That was Yesterday

 

Living in the past and viewing the past is two totally different belief systems and behaviors. A scenario from a co-worker can best explain the distinction. The names have been altered.

Moon: I think I made a mistake.

River: What do you mean? What happened?

Moon: Well, I was going over my messages that I’ve sent over to the head office and I think that I put the wrong message on another’s client’s chart.

(Moon’s normal small eyes are huge like her name.)

River: Ok Moon, let me look at the case and see. I’ll come over to your desk.

(River gears up for the worst to access the damage. Outwardly she’s cool, inside she’s trying to find the road, she needs to navigate the situation and Moon. Moon retells the story and shows River on the computer what possibly could have passed for the mix-up. As River listens, she has visibly seen the process of why this happened. Moon completes her explanation. She looks to River to repair the situation. She looks for hope.)

River: Ok Moon. First of all, you just got here and you’re not going to know everything about this position. Second, it’s not that bad. Let me make a phone call and speak with my go-to person there so we can rectify this. In the meantime, I will add an addendum to the note you’ve sent.

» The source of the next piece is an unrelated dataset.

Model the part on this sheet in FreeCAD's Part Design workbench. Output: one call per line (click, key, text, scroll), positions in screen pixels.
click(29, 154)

(Moon’s face softens, and her shoulders relax – a bit. River madly writes the new note as Moon watches. River notices Moon’s mouth is made into an ‘o’. She’s breathing through her mouth.)

(River calls her contact. They discuss the messages and several options how this can be handled. They determine, as Moon intently watches River’s face and listens to half the telephone conversation. River hangs up.)

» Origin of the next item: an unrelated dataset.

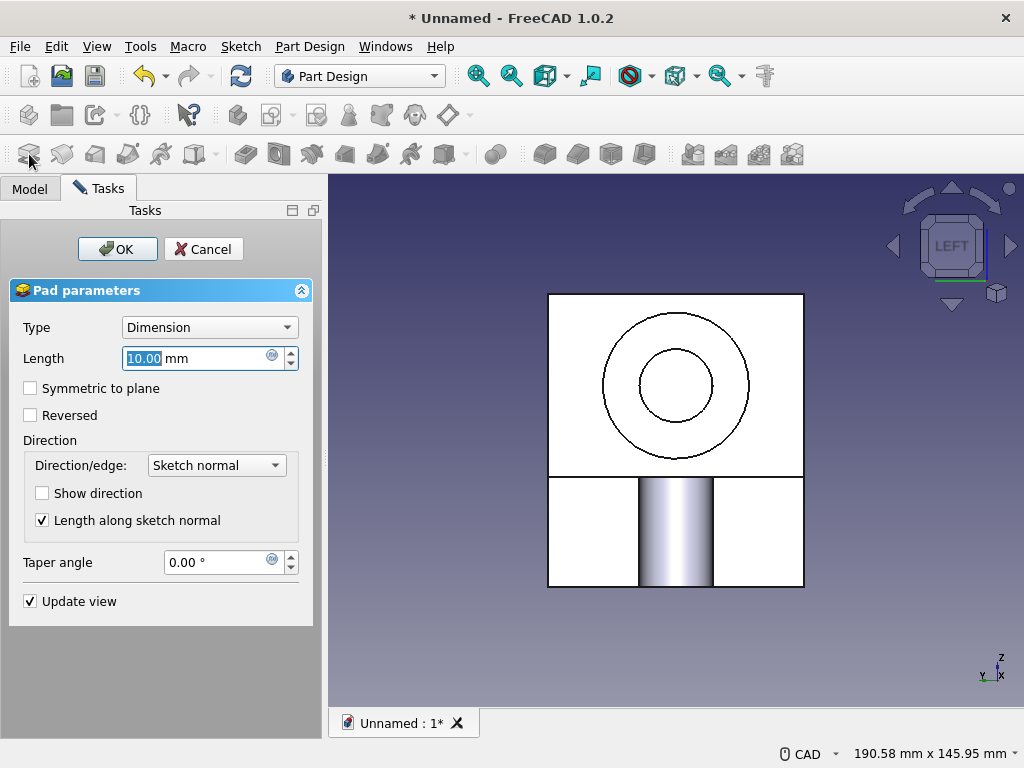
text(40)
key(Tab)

River: Ok Moon, this is how we decided to manage the messages.

Moon: Am I in trouble? Oh, my… I just got here…

River: Calm down Moon. You’re not in any trouble. You just got here, and we don’t expect for you to know everything. Errors will be cleared, but the good thing about this is, you will think of this moment and know what to do if this situation comes up again. Also, the client will be fine. It was merely a matter, ensuring the client’s actual message was fixed. So, it’s alright, really. Everything has been worked out for you.

Moon: Oh, thank you River. I really appreciate all your help.

River: You’re welcome, but let me ask you a question. What made you look back at your message?

Moon: I check them because I want to see if I made any mistakes and when I saw that I knew was not the message I had written for the correct person.

River: Well, it was a good thing that you went over the message. But all is well now so just be mindful of the names on the account. Just take your time, okay?

Moon: I will. But I could have sworn I wrote that message on the other account.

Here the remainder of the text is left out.